This invention relates to integrated circuits, and more particularly, to ways in which to improve circuit performance by compensating for the effects of metal-oxide-semiconductor (MOS) transistor threshold voltage drift and temperature changes.
Integrated circuits based on complementary metal-oxide-semiconductor (CMOS) transistor technology are widely used in modern electronic systems. The proper performance of CMOS integrated circuits is often critically dependent on the stable operation of its MOS transistors. Even relatively small changes in transistor performance can have a strong impact on the operation of sensitive circuitry on a high-performance CMOS chip.

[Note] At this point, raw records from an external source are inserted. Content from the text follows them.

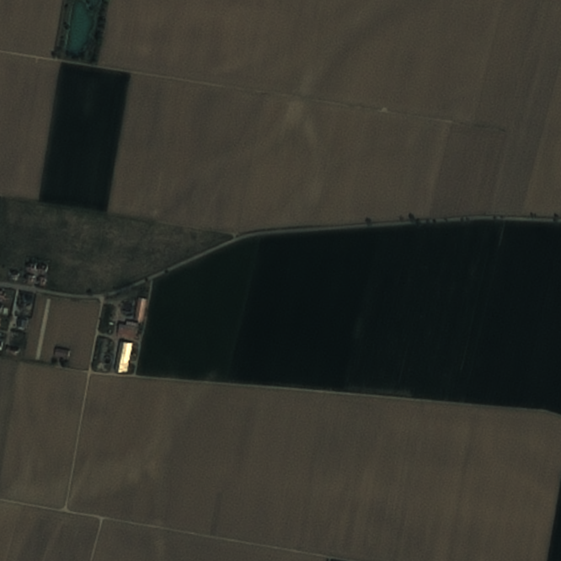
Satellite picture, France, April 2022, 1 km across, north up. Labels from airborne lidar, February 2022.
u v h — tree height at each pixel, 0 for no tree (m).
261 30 0
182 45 0
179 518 0
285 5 0
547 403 0
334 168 0
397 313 0
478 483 0
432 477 0
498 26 0
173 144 0
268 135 0
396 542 0
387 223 0
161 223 0
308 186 0
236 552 0
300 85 0
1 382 0
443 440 0
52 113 0
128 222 0
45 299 0
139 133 0
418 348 0
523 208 0
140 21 0
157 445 0
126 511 0
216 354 0
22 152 0
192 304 0
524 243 0
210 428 0
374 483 0
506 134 0
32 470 0
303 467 0
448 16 0
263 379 0
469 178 0
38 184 0
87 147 0
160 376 0
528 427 0
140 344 0
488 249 0
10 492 0
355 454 0
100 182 0
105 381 0
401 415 0
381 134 0
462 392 0
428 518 0
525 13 0
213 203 0
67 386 0
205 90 0
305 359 0
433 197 0
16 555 0
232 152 0
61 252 0
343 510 0
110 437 0
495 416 0
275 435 0
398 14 0
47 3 0
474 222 0
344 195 0
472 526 0
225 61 0
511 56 0
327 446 0
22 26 0
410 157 0
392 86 0
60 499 0
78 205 0
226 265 0
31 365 0
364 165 0
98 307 0
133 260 0
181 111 0
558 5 0
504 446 0
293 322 0
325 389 0
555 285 0
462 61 0
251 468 0
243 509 0
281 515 0
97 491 0
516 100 0
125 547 0
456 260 0
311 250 0
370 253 0
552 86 0
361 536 0
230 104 0
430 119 0
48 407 0
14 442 0
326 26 0
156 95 0
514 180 0
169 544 0
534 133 0
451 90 0
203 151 0
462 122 0
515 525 0
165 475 0
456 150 0
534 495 0
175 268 0
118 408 0
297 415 0
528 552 0
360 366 0
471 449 0
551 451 0
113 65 0
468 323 0
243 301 0
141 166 0
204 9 0
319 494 0
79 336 0
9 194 0
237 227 0
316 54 0
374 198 0
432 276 0
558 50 0
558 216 7
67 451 0
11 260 0
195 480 0
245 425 0
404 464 0
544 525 0
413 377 0
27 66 0
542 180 0
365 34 0
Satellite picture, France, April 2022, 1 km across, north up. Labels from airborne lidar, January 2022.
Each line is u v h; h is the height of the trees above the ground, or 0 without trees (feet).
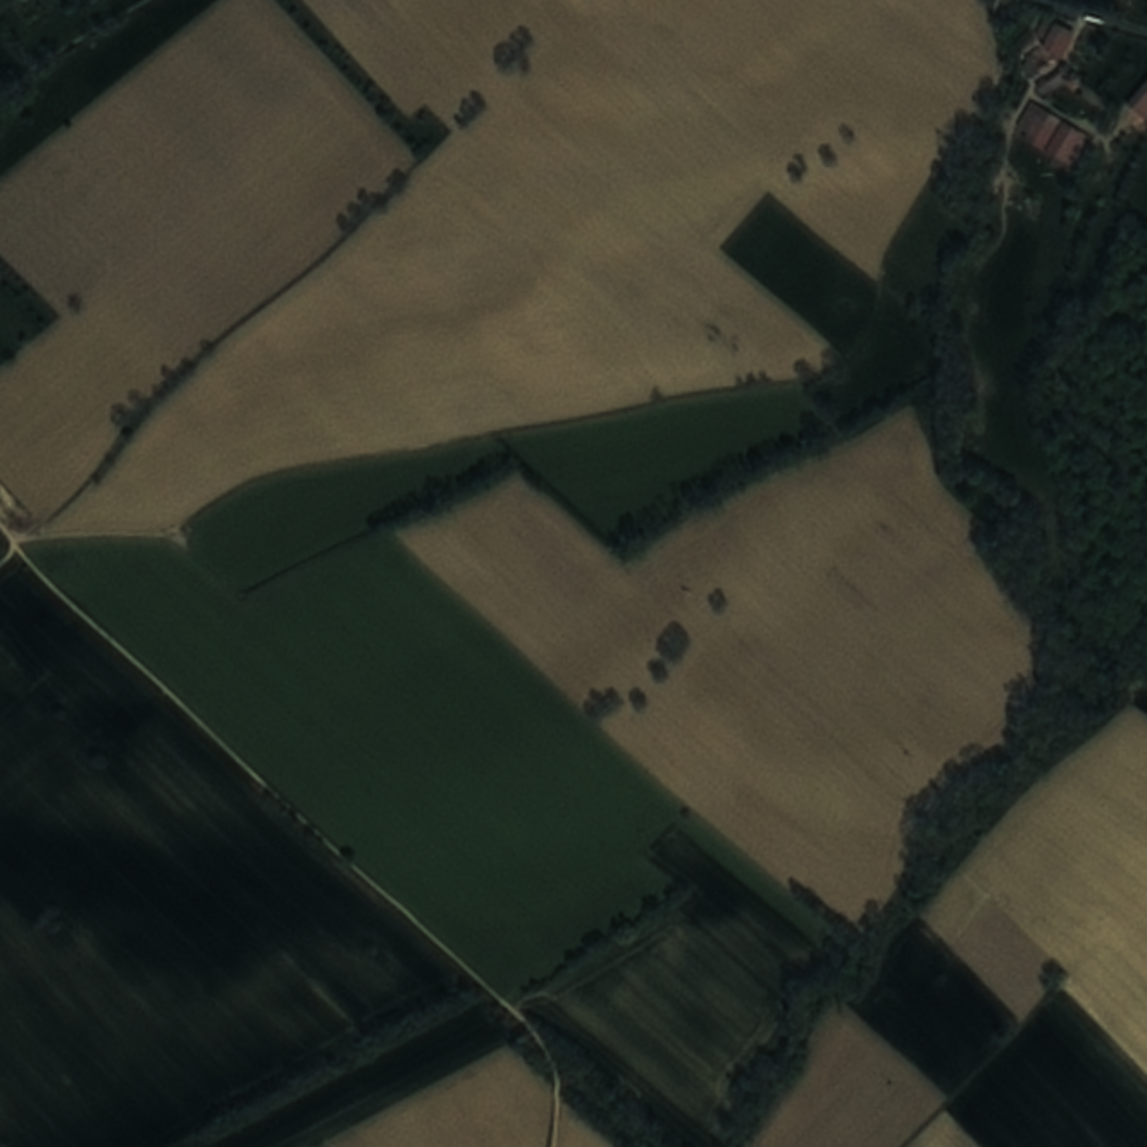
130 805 0
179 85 0
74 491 0
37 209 0
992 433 0
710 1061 0
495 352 0
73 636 0
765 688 0
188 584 0
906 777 0
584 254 0
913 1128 0
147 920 0
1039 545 104
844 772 0
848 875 0
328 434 0
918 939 0
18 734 0
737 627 0
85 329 0
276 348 0
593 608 0
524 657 0
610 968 0
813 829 0
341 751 0
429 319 0
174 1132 0
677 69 0
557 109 0
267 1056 0
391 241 0
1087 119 0
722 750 0
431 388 0
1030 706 113
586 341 0
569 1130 0
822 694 0
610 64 0
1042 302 0
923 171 0
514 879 0
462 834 0
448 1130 0
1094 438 83
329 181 0
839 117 0
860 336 0
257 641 0
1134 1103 0
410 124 0
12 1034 0
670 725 0
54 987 0
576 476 0
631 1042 0
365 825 0
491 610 0
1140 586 101
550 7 0
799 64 0
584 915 0
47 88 0
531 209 0
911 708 0
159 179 0
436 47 0
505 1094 0
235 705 0
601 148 0
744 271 0
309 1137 0
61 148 0
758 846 0
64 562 0
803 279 0
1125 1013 0
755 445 0
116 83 0
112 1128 0
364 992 0
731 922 0
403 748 0
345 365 0
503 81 0
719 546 0
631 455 0
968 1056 0
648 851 0
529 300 0
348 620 0
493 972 0
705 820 0
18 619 0
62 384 0
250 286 0
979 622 0
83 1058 0
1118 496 106
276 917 0
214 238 0
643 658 0
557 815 0
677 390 0
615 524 0
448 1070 0
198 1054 0
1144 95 0
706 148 0
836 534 0
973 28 0
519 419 0
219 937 0
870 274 0
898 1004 0
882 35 0
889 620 0
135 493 0
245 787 0
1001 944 0
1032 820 0
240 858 0
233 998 0
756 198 0
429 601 0
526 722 0
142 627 0
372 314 0
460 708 0
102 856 0
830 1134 0
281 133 0
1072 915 0
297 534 0
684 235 0
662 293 0
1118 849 0
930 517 0
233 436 0
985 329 0
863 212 0
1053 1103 0
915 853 67
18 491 0
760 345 0
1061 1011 0
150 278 0
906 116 0
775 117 0
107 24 55
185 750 0
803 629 0
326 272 0
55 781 0
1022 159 0
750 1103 91
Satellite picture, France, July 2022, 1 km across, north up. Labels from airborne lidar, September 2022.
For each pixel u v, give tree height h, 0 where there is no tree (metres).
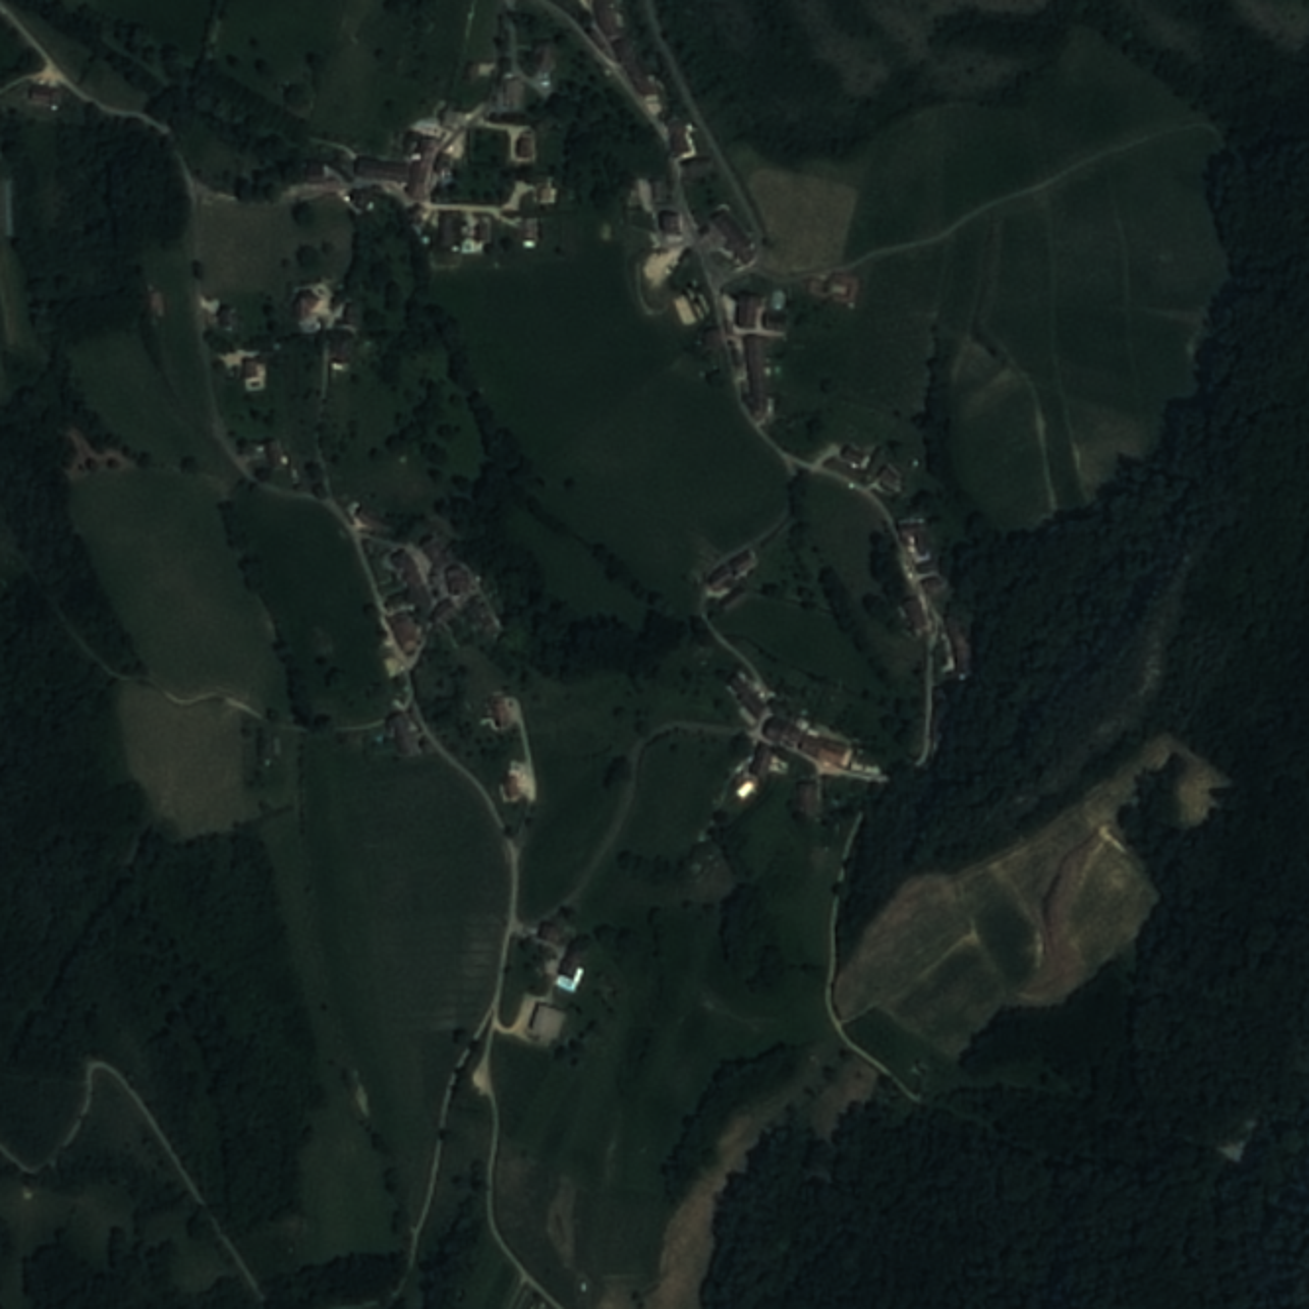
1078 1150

The operation of a transistor can be significantly affected by variations in temperature and changes in the transistor's threshold voltage due to aging. If a transistor's threshold voltage increases even slightly, the transistor's ability to drive current may be reduced sufficiently that a sensitive digital logic circuit in which the transistor is operating will slow down substantially or no longer function properly and the gain of certain sensitive analog circuits may be degraded. This can disrupt the proper functioning of the entire integrated circuit.
CMOS integrated circuits contain p-channel (PMOS) and n-channel (NMOS) transistors. The threshold voltage of a PMOS transistor can change over time due to negative bias temperature instability (NBTI). Negative bias temperature instability arises when MOS devices are exposed to low gate bias voltages under elevated operating temperatures. Threshold voltage increases due to NBTI may be significant—i.e., on the order of tens of millivolts over the lifetime of a circuit. The threshold voltages in NMOS transistors may also increase over time due to the accumulation of gate-oxide charge from hot carrier effects.
It is an object of the present invention to provide ways in which to overcome variations in transistor performance due to changes in operating temperature and shifts in threshold voltages.